• **EXERCISE OBJECTIVE**:
Write out each entry below exactly. Do not include the images.

Records drawn from a dataset:
□ □ □ □
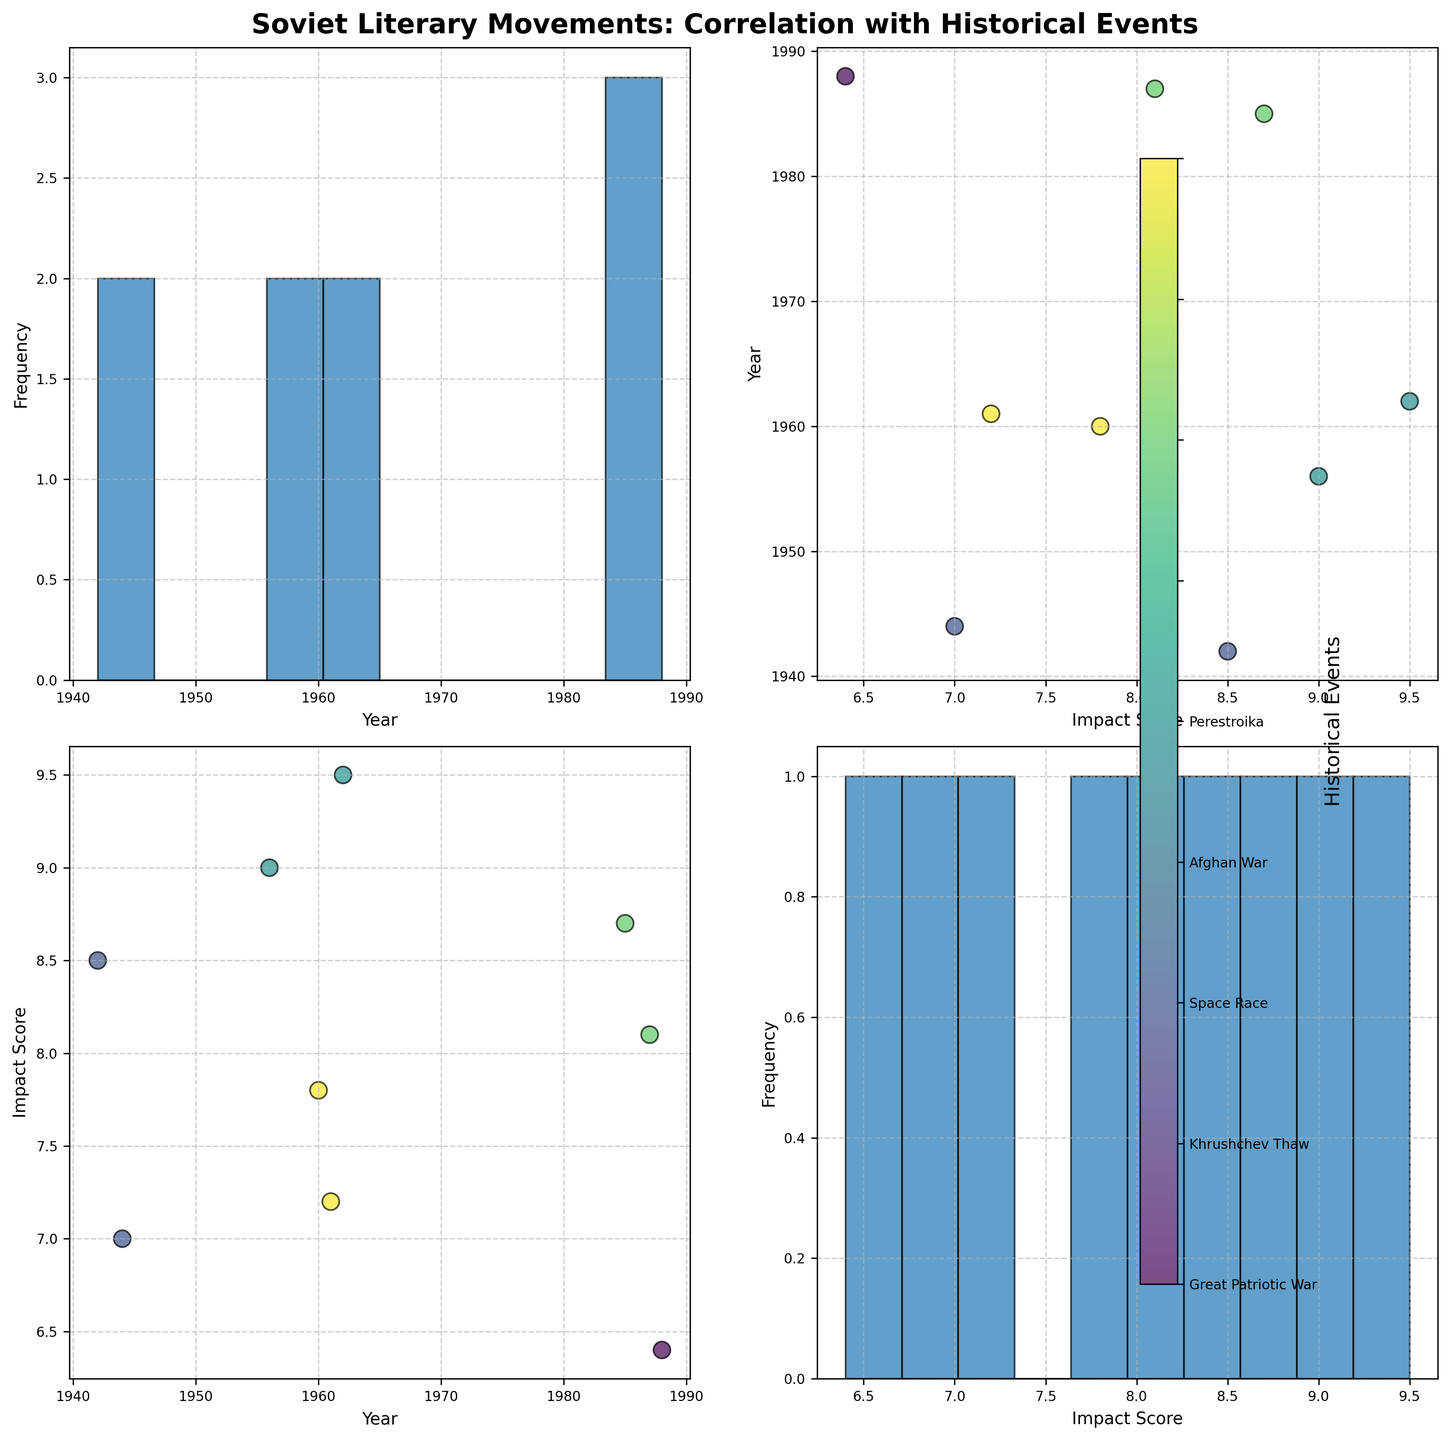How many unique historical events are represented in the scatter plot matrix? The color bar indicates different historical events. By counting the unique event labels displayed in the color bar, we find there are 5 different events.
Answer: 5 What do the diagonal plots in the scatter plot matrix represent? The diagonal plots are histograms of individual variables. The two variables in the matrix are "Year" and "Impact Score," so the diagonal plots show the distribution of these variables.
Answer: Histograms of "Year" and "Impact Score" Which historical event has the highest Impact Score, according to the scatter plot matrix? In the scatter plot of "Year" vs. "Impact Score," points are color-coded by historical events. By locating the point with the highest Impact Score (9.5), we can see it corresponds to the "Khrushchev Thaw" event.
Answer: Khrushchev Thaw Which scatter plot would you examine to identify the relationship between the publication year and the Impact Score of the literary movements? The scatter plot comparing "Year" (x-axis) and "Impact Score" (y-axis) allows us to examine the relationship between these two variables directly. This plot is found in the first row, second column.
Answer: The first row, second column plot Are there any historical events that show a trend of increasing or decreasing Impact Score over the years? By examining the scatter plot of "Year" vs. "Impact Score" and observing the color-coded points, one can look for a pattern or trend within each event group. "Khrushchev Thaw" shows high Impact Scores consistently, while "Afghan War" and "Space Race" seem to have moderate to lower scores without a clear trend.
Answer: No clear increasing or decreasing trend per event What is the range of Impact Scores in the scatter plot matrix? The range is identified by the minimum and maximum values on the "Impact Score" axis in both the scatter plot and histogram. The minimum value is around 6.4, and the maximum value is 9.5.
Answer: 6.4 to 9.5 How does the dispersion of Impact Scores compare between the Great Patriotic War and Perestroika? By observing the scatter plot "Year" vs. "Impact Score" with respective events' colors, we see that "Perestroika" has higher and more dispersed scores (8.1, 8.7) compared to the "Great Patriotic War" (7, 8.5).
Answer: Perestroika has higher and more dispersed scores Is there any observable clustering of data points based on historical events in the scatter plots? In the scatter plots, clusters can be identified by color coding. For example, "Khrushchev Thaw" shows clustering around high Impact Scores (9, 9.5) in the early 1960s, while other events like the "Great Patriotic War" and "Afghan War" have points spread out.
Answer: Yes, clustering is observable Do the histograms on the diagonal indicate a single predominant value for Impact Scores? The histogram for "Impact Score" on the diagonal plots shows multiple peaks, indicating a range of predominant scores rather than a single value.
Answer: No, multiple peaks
□ □ □ □
• **RESULT OF THE TASK**:
How many unique historical events are represented in the scatter plot matrix? The color bar indicates different historical events. By counting the unique event labels displayed in the color bar, we find there are 5 different events.
Answer: 5 What do the diagonal plots in the scatter plot matrix represent? The diagonal plots are histograms of individual variables. The two variables in the matrix are "Year" and "Impact Score," so the diagonal plots show the distribution of these variables.
Answer: Histograms of "Year" and "Impact Score" Which historical event has the highest Impact Score, according to the scatter plot matrix? In the scatter plot of "Year" vs. "Impact Score," points are color-coded by historical events. By locating the point with the highest Impact Score (9.5), we can see it corresponds to the "Khrushchev Thaw" event.
Answer: Khrushchev Thaw Which scatter plot would you examine to identify the relationship between the publication year and the Impact Score of the literary movements? The scatter plot comparing "Year" (x-axis) and "Impact Score" (y-axis) allows us to examine the relationship between these two variables directly. This plot is found in the first row, second column.
Answer: The first row, second column plot Are there any historical events that show a trend of increasing or decreasing Impact Score over the years? By examining the scatter plot of "Year" vs. "Impact Score" and observing the color-coded points, one can look for a pattern or trend within each event group. "Khrushchev Thaw" shows high Impact Scores consistently, while "Afghan War" and "Space Race" seem to have moderate to lower scores without a clear trend.
Answer: No clear increasing or decreasing trend per event What is the range of Impact Scores in the scatter plot matrix? The range is identified by the minimum and maximum values on the "Impact Score" axis in both the scatter plot and histogram. The minimum value is around 6.4, and the maximum value is 9.5.
Answer: 6.4 to 9.5 How does the dispersion of Impact Scores compare between the Great Patriotic War and Perestroika? By observing the scatter plot "Year" vs. "Impact Score" with respective events' colors, we see that "Perestroika" has higher and more dispersed scores (8.1, 8.7) compared to the "Great Patriotic War" (7, 8.5).
Answer: Perestroika has higher and more dispersed scores Is there any observable clustering of data points based on historical events in the scatter plots? In the scatter plots, clusters can be identified by color coding. For example, "Khrushchev Thaw" shows clustering around high Impact Scores (9, 9.5) in the early 1960s, while other events like the "Great Patriotic War" and "Afghan War" have points spread out.
Answer: Yes, clustering is observable Do the histograms on the diagonal indicate a single predominant value for Impact Scores? The histogram for "Impact Score" on the diagonal plots shows multiple peaks, indicating a range of predominant scores rather than a single value.
Answer: No, multiple peaks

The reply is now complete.